EU OK for First 'Histology-Independent' Cancer Drug

Hailed as a 'Game Changer'

Zosia Chustecka


July 26, 2019

The first so-called histology-independent cancer treatment has been recommended for approval in the European Union.

The product is larotrectinib (Vitrakvi, Bayer), which targets a specific gene mutation, the neurotrophic tyrosine receptor kinase (NTRK) gene fusion.

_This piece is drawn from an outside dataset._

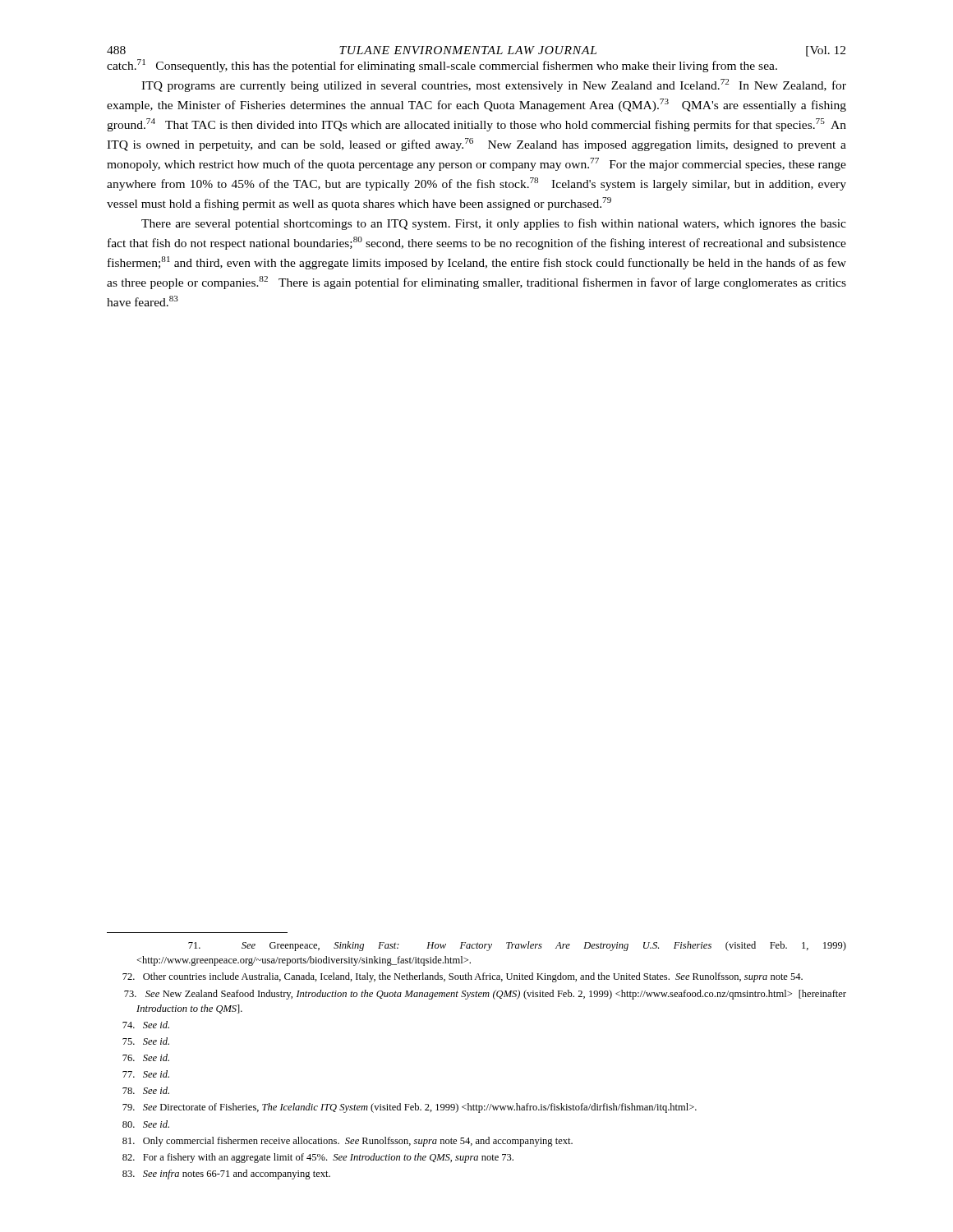Navigate to the element starting "Only commercial fishermen receive allocations. See Runolfsson,"
953x1232 pixels.
click(x=340, y=1141)
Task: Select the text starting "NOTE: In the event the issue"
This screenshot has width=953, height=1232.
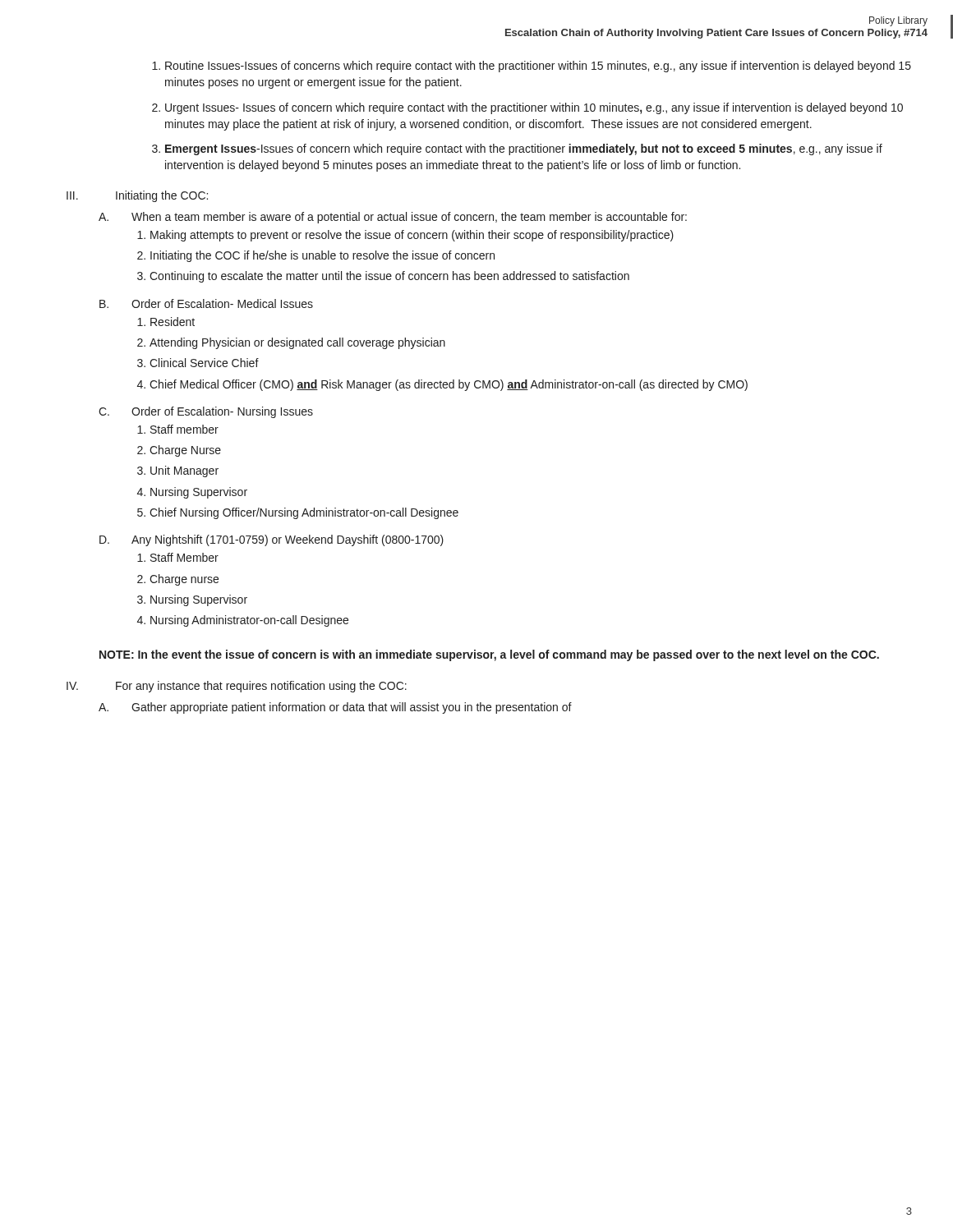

Larotrectinib is indicated for the treatment of pediatric and adult solid tumors that harbor an NTRK gene fusion, regardless of where they are found in the body.

Treatment with larotrectinib is recommended for patients whose disease has spread or cannot be surgically removed and for whom there are no other satisfactory treatment options.

Before treatment is started, the presence of the mutation in the tumor should be confirmed by a validated test, noted the European Medicines Agency's Committee for Medicinal Products for Human Use.

Larotrectinib was approved in November 2018 in the United States and has been hailed as a "game changer" by clinicians who have used the drugs for the treatment of cancer.

Screen Patients for This Mutation

As previously reported by Medscape Medical News, these NTRK gene fusions — also refered to as tropomyosin receptor kinase (TRK) fusions — are thought to occur in 0.5% to 1% of many common cancers, including lung, colon, breast, and thyroid cancers, as well as melanoma.

They are also seen in more than 90% of certain rare cancers, including salivary gland cancer, a form of juvenile breast cancer, and infantile fibrosarcoma.

All cancer types with an NTRK gene fusion have shown a similar high rate of response to larotrectinib, commented David Hyman, MD, chief of early drug development at Memorial Sloan Kettering Cancer Center in New York City, who reported early clinical data on the drug in 2017. The overall response rate was 76%, which is "quite unusual for a targeted therapy"; complete responses were seen in 12% of patients, all of whom had advanced cancers, which is "nearly unheard of," commented discussant Trever Bivona, MD, PhD, from the University of California, San Francisco.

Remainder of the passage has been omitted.